YORK artist Mark Braithwaite has been given unrestricted access to Newby Hall for his latest exhibition.

On show at Robin and Lucinda Compton's country house from today will be Mark's new series of figurative oil paintings and pencil sketches of his models in curve-caressing dresses, pictured in the hall's interiors and gardens paintings.

"I was invited by the Newby Hall estate, who wanted to put on a figurative exhibition and were looking for someone from Yorkshire to do the show.

"It's difficult to find an artist who can do the volume of work to fill the exhibition room as it's massive, and even I've been struggling to fill it, but I've done it," says Mark, who made two visits to Newby in December.

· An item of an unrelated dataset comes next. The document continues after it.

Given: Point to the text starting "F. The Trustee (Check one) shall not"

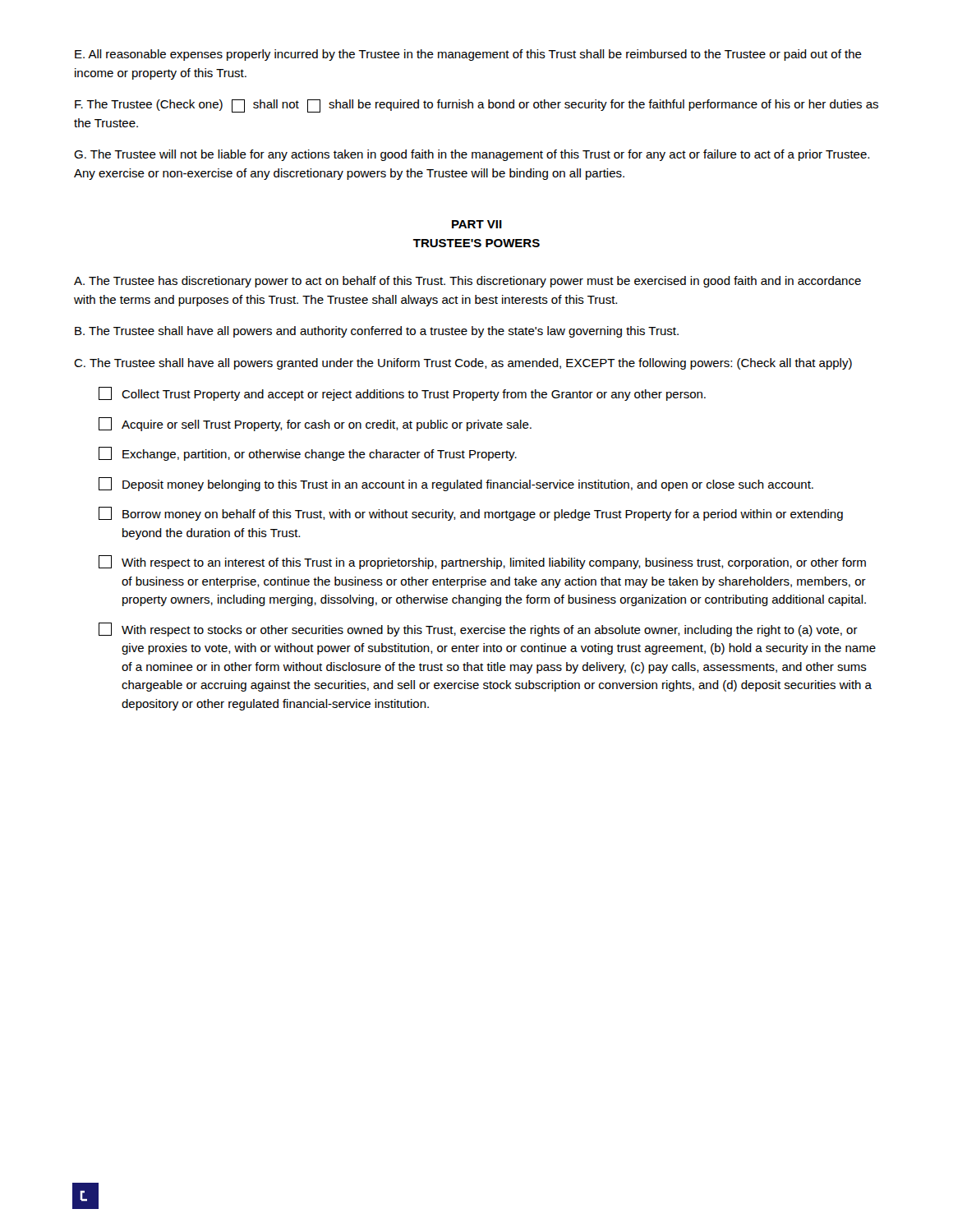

On the first he worked out "what we could do"; for the second, on a sunny winter's day, he was accompanied for a preparatory photographic shoot by his model Lizzie, an Edinburgh University classics student from North Yorkshire, whose poise is testament to her earlier training in dancing.

Mark began the resulting paintings in January, and these new works will be exhibited alongside more of Mark's figurative work in the Grantham Room. There will be 60 pictures in all, 30 of them originals, 20 newly painted, four of them so new that they are still awaiting completion for later addition during the exhibition run.

"It was a privilege to have access to such a beautiful location. To capture the romance and drama of the hall on canvas was a joy," says Mark, whose paintings show some of the hall's outstanding features, notably the Louis XV clock in the Red Passage and the Venetian gondola staircase in the Victorian wing.

Laura Strangeway, art exhibition manager at Newby, is "very excited" about Mark's work going on display this Easter. "It has made the exhibition so much more personal to Newby seeing Mark sketch during the winter months and seeing his final art work go on display to the public," she says.

From humble beginnings as a pavement artist in York, Mark now works from his studios at the Braithwaite Gallery in Low Petergate, York.

Paintings by this self-taught artist sell worldwide and his figurative work is published by national publisher Solomon & Whitehead. Among works in progress is a painting for Daily Mail astrologer Jonathan Caineroh, and another baby on the way for Mark and his pregnant wife, Anne.

  • The exhibition will run at Newby Hall, near Ripon, from today until April 27; openings hours are 11am to 5pm, Tuesdays to Sundays and on Easter Monday. Visitors are welcome to buy any of the exhibits at princes ranging from £2,500 to £4,500 for the oils and £500 to £700 for the sketches.